The response has to reproduce all entries exactly while excluding their pictures.

----- Data -----

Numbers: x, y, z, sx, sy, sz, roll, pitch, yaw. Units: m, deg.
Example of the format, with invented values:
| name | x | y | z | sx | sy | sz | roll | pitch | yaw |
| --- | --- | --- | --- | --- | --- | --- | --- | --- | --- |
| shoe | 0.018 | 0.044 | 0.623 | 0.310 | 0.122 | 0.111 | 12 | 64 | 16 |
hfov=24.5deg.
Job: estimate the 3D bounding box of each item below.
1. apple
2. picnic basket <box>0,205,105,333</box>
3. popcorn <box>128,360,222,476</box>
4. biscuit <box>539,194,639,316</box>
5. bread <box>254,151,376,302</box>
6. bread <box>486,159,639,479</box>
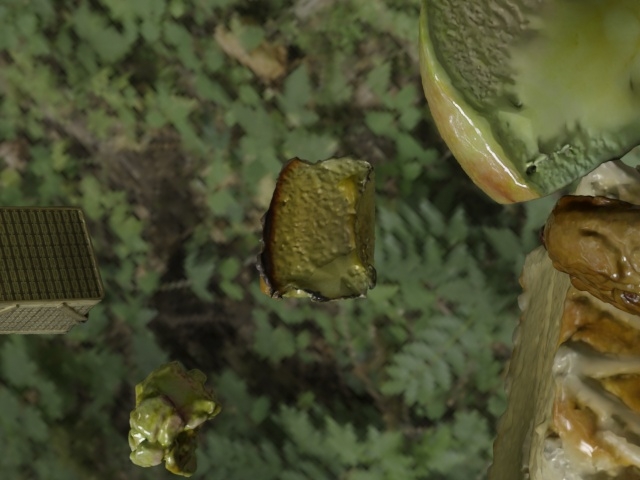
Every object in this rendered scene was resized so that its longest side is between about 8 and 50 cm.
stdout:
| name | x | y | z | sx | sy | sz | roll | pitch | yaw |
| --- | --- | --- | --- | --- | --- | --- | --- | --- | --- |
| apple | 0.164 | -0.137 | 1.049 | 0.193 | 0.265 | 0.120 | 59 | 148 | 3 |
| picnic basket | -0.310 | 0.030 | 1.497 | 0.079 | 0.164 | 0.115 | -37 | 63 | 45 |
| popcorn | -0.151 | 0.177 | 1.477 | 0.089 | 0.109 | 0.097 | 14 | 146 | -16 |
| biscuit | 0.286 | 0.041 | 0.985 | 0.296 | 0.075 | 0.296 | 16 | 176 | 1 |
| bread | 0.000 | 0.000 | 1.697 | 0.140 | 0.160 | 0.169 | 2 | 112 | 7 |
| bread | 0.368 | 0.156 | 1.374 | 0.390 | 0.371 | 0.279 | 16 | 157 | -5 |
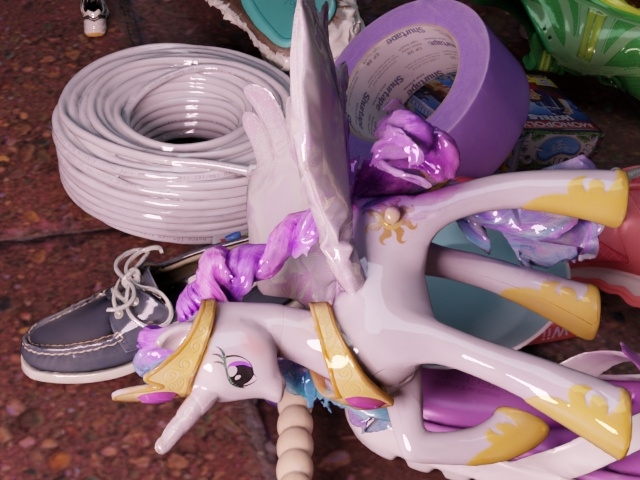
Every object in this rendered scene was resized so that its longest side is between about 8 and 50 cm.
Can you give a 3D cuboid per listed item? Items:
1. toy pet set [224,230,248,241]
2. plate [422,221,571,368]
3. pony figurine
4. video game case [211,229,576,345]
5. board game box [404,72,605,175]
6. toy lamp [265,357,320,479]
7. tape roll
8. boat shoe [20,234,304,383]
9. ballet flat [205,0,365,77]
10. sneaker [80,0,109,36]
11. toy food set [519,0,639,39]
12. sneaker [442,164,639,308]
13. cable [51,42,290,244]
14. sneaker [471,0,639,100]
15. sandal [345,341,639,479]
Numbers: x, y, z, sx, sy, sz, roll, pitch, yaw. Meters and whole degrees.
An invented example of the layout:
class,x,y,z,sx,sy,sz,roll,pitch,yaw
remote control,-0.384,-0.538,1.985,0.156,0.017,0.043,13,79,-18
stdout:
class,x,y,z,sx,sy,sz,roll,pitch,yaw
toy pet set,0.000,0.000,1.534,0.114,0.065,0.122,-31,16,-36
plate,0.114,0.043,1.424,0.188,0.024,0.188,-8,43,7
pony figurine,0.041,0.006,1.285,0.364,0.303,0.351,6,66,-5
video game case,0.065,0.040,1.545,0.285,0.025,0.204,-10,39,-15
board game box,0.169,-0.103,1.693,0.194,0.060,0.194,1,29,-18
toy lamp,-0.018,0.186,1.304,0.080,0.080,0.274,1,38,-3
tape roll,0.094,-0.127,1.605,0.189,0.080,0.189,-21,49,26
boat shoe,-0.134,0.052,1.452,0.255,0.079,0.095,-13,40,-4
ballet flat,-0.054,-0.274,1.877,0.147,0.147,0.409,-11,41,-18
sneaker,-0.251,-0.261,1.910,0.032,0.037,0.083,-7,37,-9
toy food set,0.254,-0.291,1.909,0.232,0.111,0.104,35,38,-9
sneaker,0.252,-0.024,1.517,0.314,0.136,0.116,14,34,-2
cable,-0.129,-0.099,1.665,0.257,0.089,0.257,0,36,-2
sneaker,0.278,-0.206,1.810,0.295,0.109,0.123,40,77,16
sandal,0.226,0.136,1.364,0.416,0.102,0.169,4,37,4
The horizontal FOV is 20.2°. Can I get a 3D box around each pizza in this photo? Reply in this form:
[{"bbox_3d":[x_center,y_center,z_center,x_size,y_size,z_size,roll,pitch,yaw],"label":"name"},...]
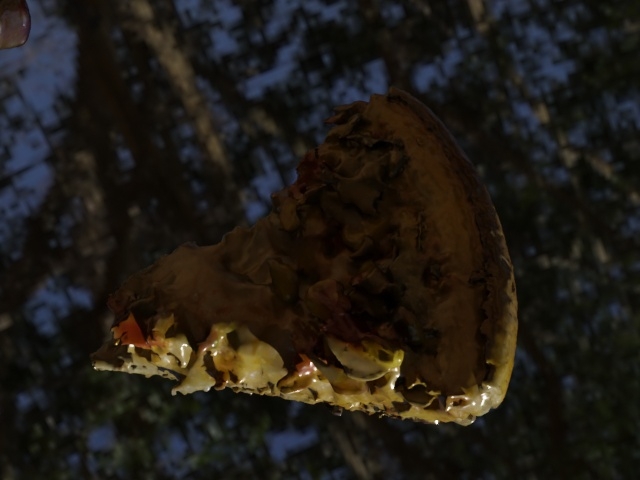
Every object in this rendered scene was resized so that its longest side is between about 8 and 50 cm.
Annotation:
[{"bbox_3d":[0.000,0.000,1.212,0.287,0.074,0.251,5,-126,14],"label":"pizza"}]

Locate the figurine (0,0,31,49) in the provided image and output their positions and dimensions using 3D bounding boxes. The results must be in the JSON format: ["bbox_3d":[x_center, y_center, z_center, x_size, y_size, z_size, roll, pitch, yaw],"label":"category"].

-----

Exercise result:
Numbers: x, y, z, sx, sy, sz, roll, pitch, yaw. Units: m, deg.
Example of the format, with invented values:
| name | x | y | z | sx | sy | sz | roll | pitch | yaw |
| --- | --- | --- | --- | --- | --- | --- | --- | --- | --- |
| shoe | 0.018 | 0.044 | 0.623 | 0.310 | 0.122 | 0.111 | 12 | 64 | 16 |
hfov=24.5deg.
Job: estimate the 3D bounding box of each item below.
1. apple
2. picnic basket <box>0,205,105,333</box>
3. popcorn <box>128,360,222,476</box>
4. biscuit <box>539,194,639,316</box>
5. bread <box>254,151,376,302</box>
6. bread <box>486,159,639,479</box>
Every object in this rendered scene was resized so that its longest side is between about 8 and 50 cm.
stdout:
| name | x | y | z | sx | sy | sz | roll | pitch | yaw |
| --- | --- | --- | --- | --- | --- | --- | --- | --- | --- |
| apple | 0.164 | -0.137 | 1.049 | 0.193 | 0.265 | 0.120 | 59 | 148 | 3 |
| picnic basket | -0.310 | 0.030 | 1.497 | 0.079 | 0.164 | 0.115 | -37 | 63 | 45 |
| popcorn | -0.151 | 0.177 | 1.477 | 0.089 | 0.109 | 0.097 | 14 | 146 | -16 |
| biscuit | 0.286 | 0.041 | 0.985 | 0.296 | 0.075 | 0.296 | 16 | 176 | 1 |
| bread | 0.000 | 0.000 | 1.697 | 0.140 | 0.160 | 0.169 | 2 | 112 | 7 |
| bread | 0.368 | 0.156 | 1.374 | 0.390 | 0.371 | 0.279 | 16 | 157 | -5 |
Every object in this rendered scene was resized so that its longest side is between about 8 and 50 cm.
Can you give a 3D cuboid per listed item? Items:
1. toy pet set [224,230,248,241]
2. plate [422,221,571,368]
3. pony figurine
4. video game case [211,229,576,345]
5. board game box [404,72,605,175]
6. toy lamp [265,357,320,479]
7. tape roll
8. boat shoe [20,234,304,383]
9. ballet flat [205,0,365,77]
10. sneaker [80,0,109,36]
11. toy food set [519,0,639,39]
12. sneaker [442,164,639,308]
13. cable [51,42,290,244]
14. sneaker [471,0,639,100]
15. sandal [345,341,639,479]
Numbers: x, y, z, sx, sy, sz, roll, pitch, yaw. Meters and whole degrees.
An invented example of the layout:
class,x,y,z,sx,sy,sz,roll,pitch,yaw
remote control,-0.384,-0.538,1.985,0.156,0.017,0.043,13,79,-18
stdout:
class,x,y,z,sx,sy,sz,roll,pitch,yaw
toy pet set,0.000,0.000,1.534,0.114,0.065,0.122,-31,16,-36
plate,0.114,0.043,1.424,0.188,0.024,0.188,-8,43,7
pony figurine,0.041,0.006,1.285,0.364,0.303,0.351,6,66,-5
video game case,0.065,0.040,1.545,0.285,0.025,0.204,-10,39,-15
board game box,0.169,-0.103,1.693,0.194,0.060,0.194,1,29,-18
toy lamp,-0.018,0.186,1.304,0.080,0.080,0.274,1,38,-3
tape roll,0.094,-0.127,1.605,0.189,0.080,0.189,-21,49,26
boat shoe,-0.134,0.052,1.452,0.255,0.079,0.095,-13,40,-4
ballet flat,-0.054,-0.274,1.877,0.147,0.147,0.409,-11,41,-18
sneaker,-0.251,-0.261,1.910,0.032,0.037,0.083,-7,37,-9
toy food set,0.254,-0.291,1.909,0.232,0.111,0.104,35,38,-9
sneaker,0.252,-0.024,1.517,0.314,0.136,0.116,14,34,-2
cable,-0.129,-0.099,1.665,0.257,0.089,0.257,0,36,-2
sneaker,0.278,-0.206,1.810,0.295,0.109,0.123,40,77,16
sandal,0.226,0.136,1.364,0.416,0.102,0.169,4,37,4
The horizontal FOV is 20.2°. Can I get a 3D box around each pizza in this photo? Reply in this form:
[{"bbox_3d":[x_center,y_center,z_center,x_size,y_size,z_size,roll,pitch,yaw],"label":"name"},...]
Every object in this rendered scene was resized so that its longest side is between about 8 and 50 cm.
Annotation:
[{"bbox_3d":[0.000,0.000,1.212,0.287,0.074,0.251,5,-126,14],"label":"pizza"}]

Locate the figurine (0,0,31,49) in the provided image and output their positions and dimensions using 3D bounding boxes. The results must be in the JSON format: ["bbox_3d":[x_center, y_center, z_center, x_size, y_size, z_size, roll, pitch, yaw],"label":"category"].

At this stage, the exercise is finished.